PVP- coated naringenin nanoparticles for biomedical applications - In vivo toxicological evaluations.

机构信息

Centre for Nanoscience and Nanotechnology, Kariavattom Campus, University of Kerala, Thiruvananthapuram, Kerala, India.

Department of Biochemistry, Kariavattom Campus, University of Kerala, Thiruvananthapuram, Kerala, India.

出版信息

Chem Biol Interact. 2016 Sep 25;257:110-8. doi: 10.1016/j.cbi.2016.07.012. Epub 2016 Jul 11.

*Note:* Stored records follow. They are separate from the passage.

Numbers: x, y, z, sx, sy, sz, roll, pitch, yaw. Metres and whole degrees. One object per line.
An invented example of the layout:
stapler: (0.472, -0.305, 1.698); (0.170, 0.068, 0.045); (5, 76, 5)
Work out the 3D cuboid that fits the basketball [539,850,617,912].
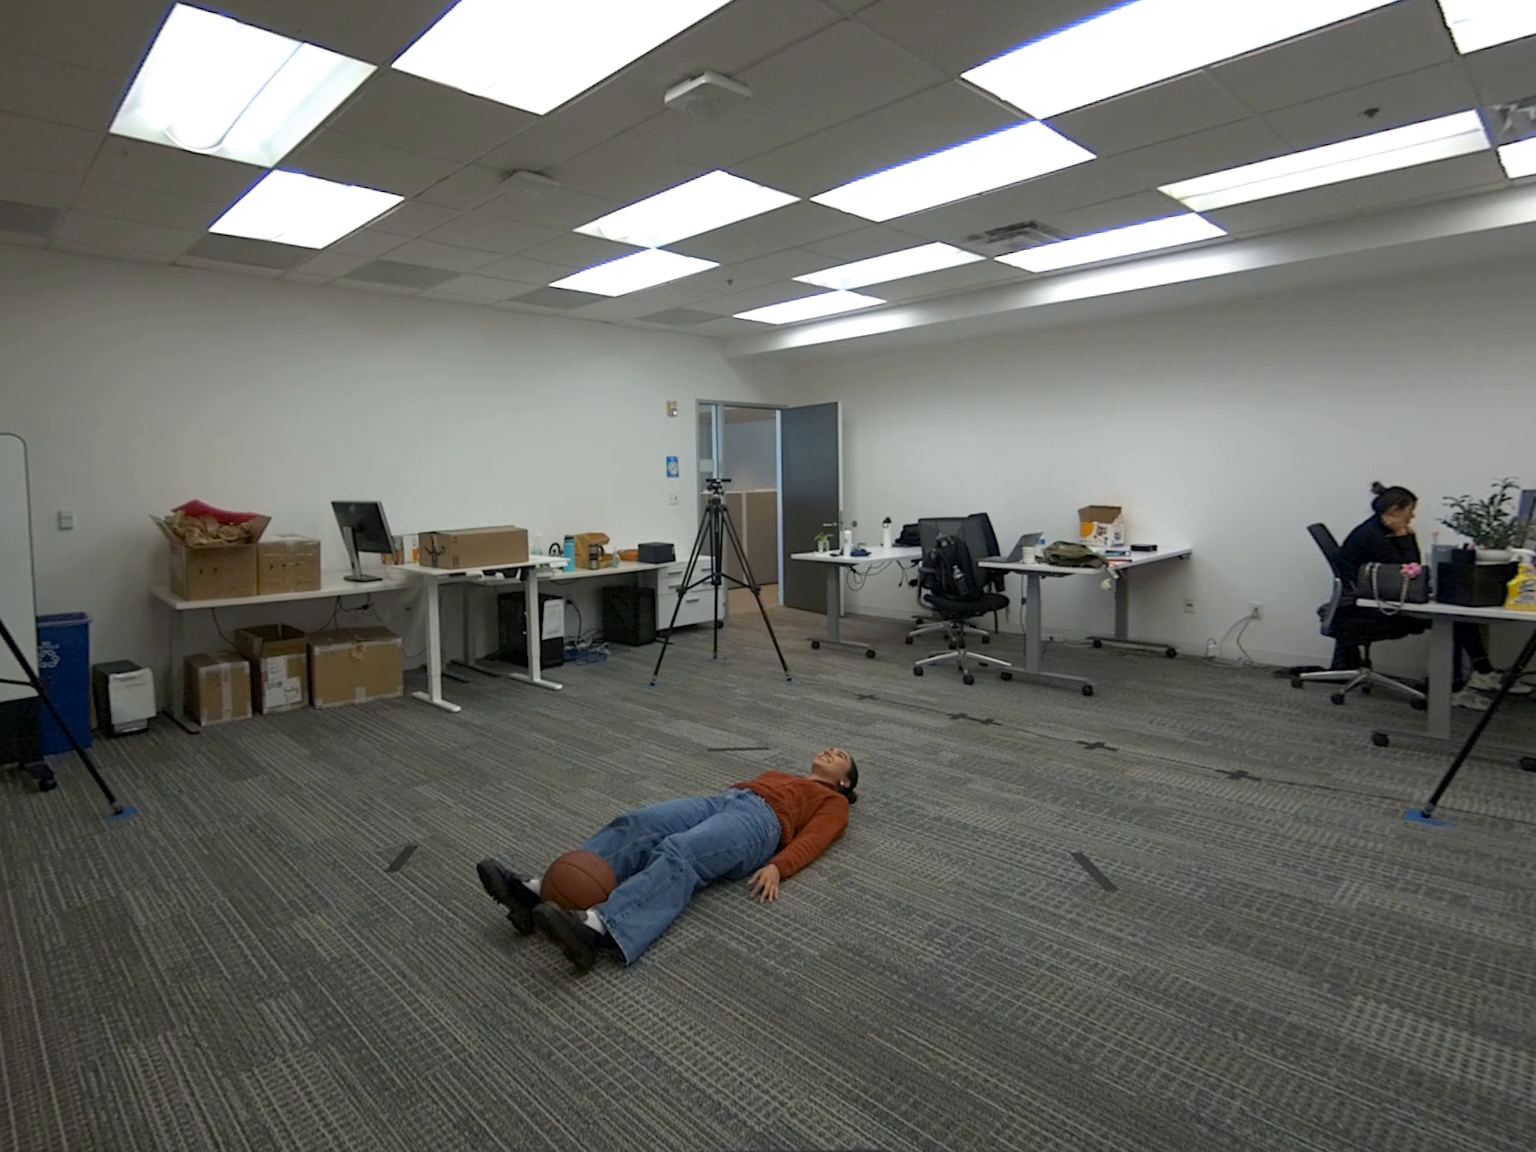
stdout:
basketball: (-0.586, 0.979, 2.640); (0.236, 0.235, 0.237); (-1, 5, -2)

DOI:10.1016/j.cbi.2016.07.012
PMID:27417253
Abstract

Naringenin (NAR) is one of the naturally occurring flavonoids found in citrus fruits and exerts a wide variety of pharmacological activities. The clinical relevance of naringenin is limited by its low solubility and minimal bioavailability, owing to its largely hydrophobic ring structure. The aim of the present study is to develop a novel naringenin nanoparticle system (NAR NP) using simple nanoprecipitation technique with polyvinylpyrrolidone (PVP) as the hydrophilic carrier. The synthesized nanoparticles were characterized using XRD, FTIR, SEM and EDX. The characterization study revealed the nanoscale properties and the interactions between NAR and PVP. In vivo toxicological evaluations were carried out at various doses (1, 5, 10 & 50 mg/kg body wt) in male Sprague-Dawley rats in comparison with silver nanoparticle (AgNP) at toxic concentration (50 mg/kg body wt). The altered hepatotoxicity markers, hematology parameters and antioxidant defense system were observed in AgNP- treated rats. But NAR NP - treated rats did not show any biochemical alterations and improved the antioxidant defense indices when compared to control group, by virtue of the pharmacological properties exerted by NAR. The modulatory effect of NAR NP over inflammatory and stress signaling cascades were confirmed by the normalized mRNA expressions of NF-κB, TNF-α and IL-6. The histopathological analysis of liver, kidney and heart reinforce our findings. These studies provide preliminary answers to some of the key biological issues raised over the use and safety of nanoparticles for diagnostic and therapeutic applications. Consequently, we suggest that the safe NAR NP can be used to reduce the dosage of NAR, improve its bioavailability and merits further investigation for therapeutic applications.

摘要

柚皮素(NAR)是在柑橘类水果中发现的一种天然类黄酮,具有广泛的药理活性。由于其疏水性环结构,柚皮素的临床相关性受到其低溶解度和最小生物利用度的限制。本研究旨在使用简单的纳米沉淀技术,以聚乙烯吡咯烷酮(PVP)作为亲水性载体,开发一种新的柚皮素纳米颗粒系统(NAR NP)。使用 XRD、FTIR、SEM 和 EDX 对合成的纳米粒子进行了表征。表征研究揭示了 NAR 与 PVP 之间的纳米级性质和相互作用。在雄性 Sprague-Dawley 大鼠中,以不同剂量(1、5、10 和 50mg/kg 体重)进行了体内毒理学评价,并与毒性浓度(50mg/kg 体重)的银纳米颗粒(AgNP)进行了比较。在 AgNP 处理的大鼠中观察到肝毒性标志物、血液学参数和抗氧化防御系统发生变化。但是,与对照组相比,NAR NP 处理的大鼠没有显示任何生化变化,并且通过 NAR 发挥的药理学特性改善了抗氧化防御指数。通过 NF-κB、TNF-α 和 IL-6 的归一化 mRNA 表达证实了 NAR NP 对炎症和应激信号级联的调节作用。肝、肾和心脏的组织病理学分析加强了我们的发现。这些研究为一些关于纳米粒子在诊断和治疗应用中使用和安全性提出的关键生物学问题提供了初步答案。因此,我们建议安全的 NAR NP 可用于降低 NAR 的剂量,提高其生物利用度,并值得进一步研究用于治疗应用。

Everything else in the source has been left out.